The Spark history server page is accessible under https://xxx.cloudx.incorta.com/applications.

It includes the two pages, one for the completed jobs and the other for the incomplete jobs. It looks like this page.

You can download the event logs that is available as a json file.

I won't be able to describe how to read the event logs or how to debug here. The above is about how to access the event logs.

Hope it helps.

Piotrek82X · ‎10-24-2023

HI, thanks, unfortunately it is not answer to my question. I know how to access Spark Master and how to read it. What I don't know is how to write to it from Python Spark Materialized View.

dylanwan · ‎10-26-2023

I see. I typically use Incorta Notebook to develop PySpark Materialized Views. We can get immediate feedback by running each paragraph. We can then inspect the data by using some of the functions available in the Incorta Notebook.

Here are examples:

df = read("EBS_PARTY_COMMON.HZ_PARTIES")
incorta.show(df)

We can use incorta.show(df) to preview the data.

incorta.printSchema(df)

I may show the data type of the schema before proceeding further.

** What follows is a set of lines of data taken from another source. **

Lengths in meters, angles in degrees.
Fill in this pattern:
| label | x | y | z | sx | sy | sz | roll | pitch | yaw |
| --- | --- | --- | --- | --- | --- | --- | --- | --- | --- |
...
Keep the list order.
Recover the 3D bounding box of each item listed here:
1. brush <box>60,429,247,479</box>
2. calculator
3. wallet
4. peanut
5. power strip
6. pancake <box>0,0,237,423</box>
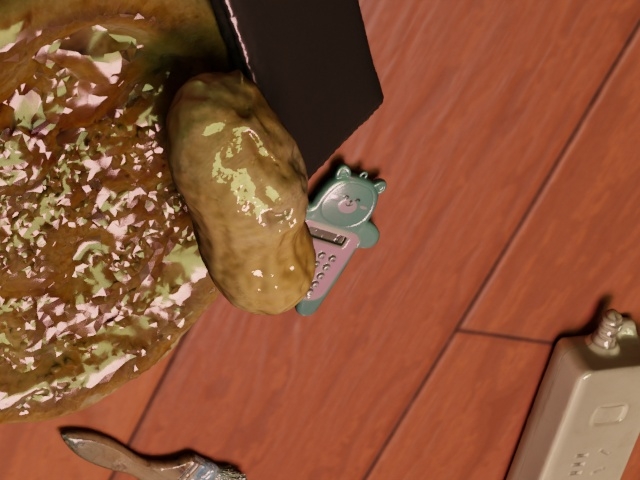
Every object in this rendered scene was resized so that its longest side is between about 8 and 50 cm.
| label | x | y | z | sx | sy | sz | roll | pitch | yaw |
| --- | --- | --- | --- | --- | --- | --- | --- | --- | --- |
| brush | -0.142 | 0.194 | 1.503 | 0.196 | 0.021 | 0.070 | 30 | 108 | -40 |
| calculator | 0.000 | 0.000 | 1.417 | 0.094 | 0.019 | 0.141 | 16 | 118 | -33 |
| wallet | -0.016 | -0.154 | 1.243 | 0.124 | 0.025 | 0.244 | -46 | 139 | -28 |
| peanut | -0.053 | -0.025 | 1.237 | 0.099 | 0.099 | 0.214 | -19 | 139 | -12 |
| power strip | 0.234 | 0.201 | 1.676 | 0.098 | 0.058 | 0.338 | -4 | 128 | -24 |
| pancake | -0.194 | -0.017 | 1.251 | 0.382 | 0.071 | 0.382 | -19 | 133 | -21 |
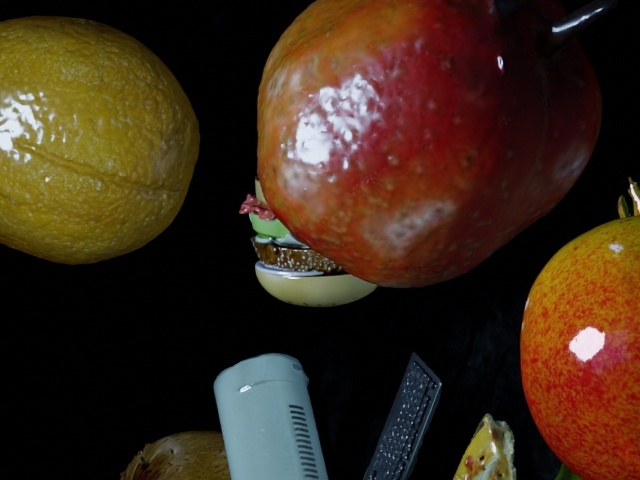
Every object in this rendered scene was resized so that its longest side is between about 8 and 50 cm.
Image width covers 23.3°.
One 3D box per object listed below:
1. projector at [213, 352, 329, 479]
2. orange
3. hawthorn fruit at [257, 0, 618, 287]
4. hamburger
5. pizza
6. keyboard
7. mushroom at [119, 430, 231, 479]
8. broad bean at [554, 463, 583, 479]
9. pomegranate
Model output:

Typing any variable name in a paragraph and running the paragraph means inspecting the value.

df

Some of the python built-functions may help.

type(df)

Use type() to confirm the data type of a variable.

Spark actions can be useful as well

df.count()  ## to show the number of rows in the dataframe
df.show() ## use incorta.show(df) to get the formated data
df.first(10) ## get the first 10 rows

We can examine the data using a SQL statement anytime:

df.createOrReplaceTempView("TBL")  ## TBL can be any name
spark.sql("""
  SELECT col1, col2
  FROM TBL --the name given above
  WHERE  col3 = '123'
""").show()

We can view the output below the paragraph.

Hope this helps

JoeM · ‎11-03-2023

@Piotrek82X - did this answer your question? The notebook is a great way to interactively view data and outputs during development.